→ Action item
An exact repetition of the data below, without images, is the expected answer.

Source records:
....
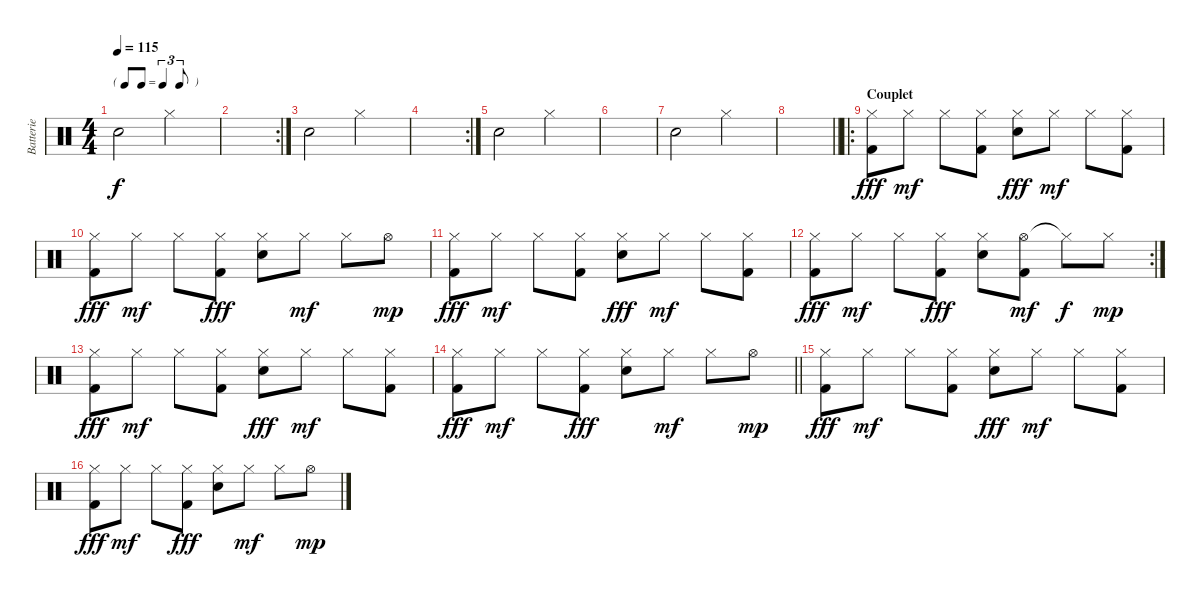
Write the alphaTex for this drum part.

\track ("Batterie" "Batterie") {instrument percussion}
\staff {score}
\articulation defaults
\ts (4 4)
\tf triplet8th
\tempo 115
\clef neutral
\ks c "Snare (hit) 2".2{dy f} "Hi-Hat (closed)".2
|
\rc 2
|
"Snare (hit) 2".2 "Hi-Hat (closed)".2 |
\rc 2
|
"Snare (hit) 2".2 "Hi-Hat (closed)".2 |
|
"Snare (hit) 2".2 "Hi-Hat (closed)".2 |
\barLineRight lightlight
|
\ro
\section ("" "Couplet")
("Hi-Hat (closed)" "Kick (hit) 2").8{dy fff} "Hi-Hat (closed)".8{dy mf} "Hi-Hat (closed)".8 ("Hi-Hat (closed)" "Kick (hit) 2").8 ("Hi-Hat (closed)" "Electric Snare (hit)").8{dy fff} "Hi-Hat (closed)".8{dy mf} "Hi-Hat (closed)".8 ("Hi-Hat (closed)" "Kick (hit) 2").8 |
("Hi-Hat (closed)" "Kick (hit) 2").8{dy fff} "Hi-Hat (closed)".8{dy mf} "Hi-Hat (closed)".8 ("Hi-Hat (closed)" "Kick (hit) 2").8{dy fff} ("Hi-Hat (closed)" "Electric Snare (hit)").8 "Hi-Hat (closed)".8{dy mf} "Hi-Hat (closed)".8 "Hi-Hat (open)".8{dy mp} |
("Hi-Hat (closed)" "Kick (hit) 2").8{dy fff} "Hi-Hat (closed)".8{dy mf} "Hi-Hat (closed)".8 ("Hi-Hat (closed)" "Kick (hit) 2").8 ("Hi-Hat (closed)" "Electric Snare (hit)").8{dy fff} "Hi-Hat (closed)".8{dy mf} "Hi-Hat (closed)".8 ("Hi-Hat (closed)" "Kick (hit) 2").8 |
\rc 2
("Hi-Hat (closed)" "Kick (hit) 2").8{dy fff} "Hi-Hat (closed)".8{dy mf} "Hi-Hat (closed)".8 ("Hi-Hat (closed)" "Kick (hit) 2").8{dy fff} ("Hi-Hat (closed)" "Electric Snare (hit)").8 ("Hi-Hat (open)" "Kick (hit) 2").8{dy mf} "Hi-Hat (closed)"{t}.8{dy f} "Hi-Hat (closed)".8{dy mp} |
("Hi-Hat (closed)" "Kick (hit) 2").8{dy fff} "Hi-Hat (closed)".8{dy mf} "Hi-Hat (closed)".8 ("Hi-Hat (closed)" "Kick (hit) 2").8 ("Hi-Hat (closed)" "Electric Snare (hit)").8{dy fff} "Hi-Hat (closed)".8{dy mf} "Hi-Hat (closed)".8 ("Hi-Hat (closed)" "Kick (hit) 2").8 |
\barLineRight lightlight
("Hi-Hat (closed)" "Kick (hit) 2").8{dy fff} "Hi-Hat (closed)".8{dy mf} "Hi-Hat (closed)".8 ("Hi-Hat (closed)" "Kick (hit) 2").8{dy fff} ("Hi-Hat (closed)" "Electric Snare (hit)").8 "Hi-Hat (closed)".8{dy mf} "Hi-Hat (closed)".8 "Hi-Hat (open)".8{dy mp} |
("Hi-Hat (closed)" "Kick (hit) 2").8{dy fff} "Hi-Hat (closed)".8{dy mf} "Hi-Hat (closed)".8 ("Hi-Hat (closed)" "Kick (hit) 2").8 ("Hi-Hat (closed)" "Electric Snare (hit)").8{dy fff} "Hi-Hat (closed)".8{dy mf} "Hi-Hat (closed)".8 ("Hi-Hat (closed)" "Kick (hit) 2").8 |
("Hi-Hat (closed)" "Kick (hit) 2").8{dy fff} "Hi-Hat (closed)".8{dy mf} "Hi-Hat (closed)".8 ("Hi-Hat (closed)" "Kick (hit) 2").8{dy fff} ("Hi-Hat (closed)" "Electric Snare (hit)").8 "Hi-Hat (closed)".8{dy mf} "Hi-Hat (closed)".8 "Hi-Hat (open)".8{dy mp}
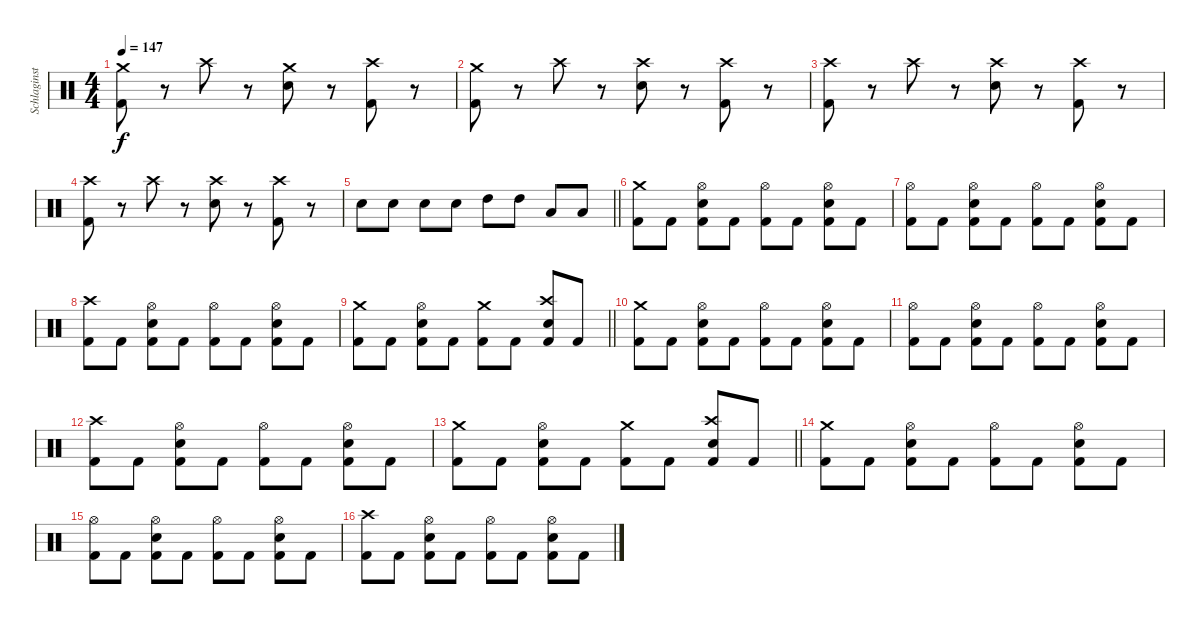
....
→ Solution for this exercise
Write the alphaTex for this drum part.

\track ("Batterie" "Batterie") {instrument percussion}
\staff {score}
\articulation defaults
\ts (4 4)
\tf triplet8th
\tempo 115
\clef neutral
\ks c "Snare (hit) 2".2{dy f} "Hi-Hat (closed)".2
|
\rc 2
|
"Snare (hit) 2".2 "Hi-Hat (closed)".2 |
\rc 2
|
"Snare (hit) 2".2 "Hi-Hat (closed)".2 |
|
"Snare (hit) 2".2 "Hi-Hat (closed)".2 |
\barLineRight lightlight
|
\ro
\section ("" "Couplet")
("Hi-Hat (closed)" "Kick (hit) 2").8{dy fff} "Hi-Hat (closed)".8{dy mf} "Hi-Hat (closed)".8 ("Hi-Hat (closed)" "Kick (hit) 2").8 ("Hi-Hat (closed)" "Electric Snare (hit)").8{dy fff} "Hi-Hat (closed)".8{dy mf} "Hi-Hat (closed)".8 ("Hi-Hat (closed)" "Kick (hit) 2").8 |
("Hi-Hat (closed)" "Kick (hit) 2").8{dy fff} "Hi-Hat (closed)".8{dy mf} "Hi-Hat (closed)".8 ("Hi-Hat (closed)" "Kick (hit) 2").8{dy fff} ("Hi-Hat (closed)" "Electric Snare (hit)").8 "Hi-Hat (closed)".8{dy mf} "Hi-Hat (closed)".8 "Hi-Hat (open)".8{dy mp} |
("Hi-Hat (closed)" "Kick (hit) 2").8{dy fff} "Hi-Hat (closed)".8{dy mf} "Hi-Hat (closed)".8 ("Hi-Hat (closed)" "Kick (hit) 2").8 ("Hi-Hat (closed)" "Electric Snare (hit)").8{dy fff} "Hi-Hat (closed)".8{dy mf} "Hi-Hat (closed)".8 ("Hi-Hat (closed)" "Kick (hit) 2").8 |
\rc 2
("Hi-Hat (closed)" "Kick (hit) 2").8{dy fff} "Hi-Hat (closed)".8{dy mf} "Hi-Hat (closed)".8 ("Hi-Hat (closed)" "Kick (hit) 2").8{dy fff} ("Hi-Hat (closed)" "Electric Snare (hit)").8 ("Hi-Hat (open)" "Kick (hit) 2").8{dy mf} "Hi-Hat (closed)"{t}.8{dy f} "Hi-Hat (closed)".8{dy mp} |
("Hi-Hat (closed)" "Kick (hit) 2").8{dy fff} "Hi-Hat (closed)".8{dy mf} "Hi-Hat (closed)".8 ("Hi-Hat (closed)" "Kick (hit) 2").8 ("Hi-Hat (closed)" "Electric Snare (hit)").8{dy fff} "Hi-Hat (closed)".8{dy mf} "Hi-Hat (closed)".8 ("Hi-Hat (closed)" "Kick (hit) 2").8 |
\barLineRight lightlight
("Hi-Hat (closed)" "Kick (hit) 2").8{dy fff} "Hi-Hat (closed)".8{dy mf} "Hi-Hat (closed)".8 ("Hi-Hat (closed)" "Kick (hit) 2").8{dy fff} ("Hi-Hat (closed)" "Electric Snare (hit)").8 "Hi-Hat (closed)".8{dy mf} "Hi-Hat (closed)".8 "Hi-Hat (open)".8{dy mp} |
("Hi-Hat (closed)" "Kick (hit) 2").8{dy fff} "Hi-Hat (closed)".8{dy mf} "Hi-Hat (closed)".8 ("Hi-Hat (closed)" "Kick (hit) 2").8 ("Hi-Hat (closed)" "Electric Snare (hit)").8{dy fff} "Hi-Hat (closed)".8{dy mf} "Hi-Hat (closed)".8 ("Hi-Hat (closed)" "Kick (hit) 2").8 |
("Hi-Hat (closed)" "Kick (hit) 2").8{dy fff} "Hi-Hat (closed)".8{dy mf} "Hi-Hat (closed)".8 ("Hi-Hat (closed)" "Kick (hit) 2").8{dy fff} ("Hi-Hat (closed)" "Electric Snare (hit)").8 "Hi-Hat (closed)".8{dy mf} "Hi-Hat (closed)".8 "Hi-Hat (open)".8{dy mp}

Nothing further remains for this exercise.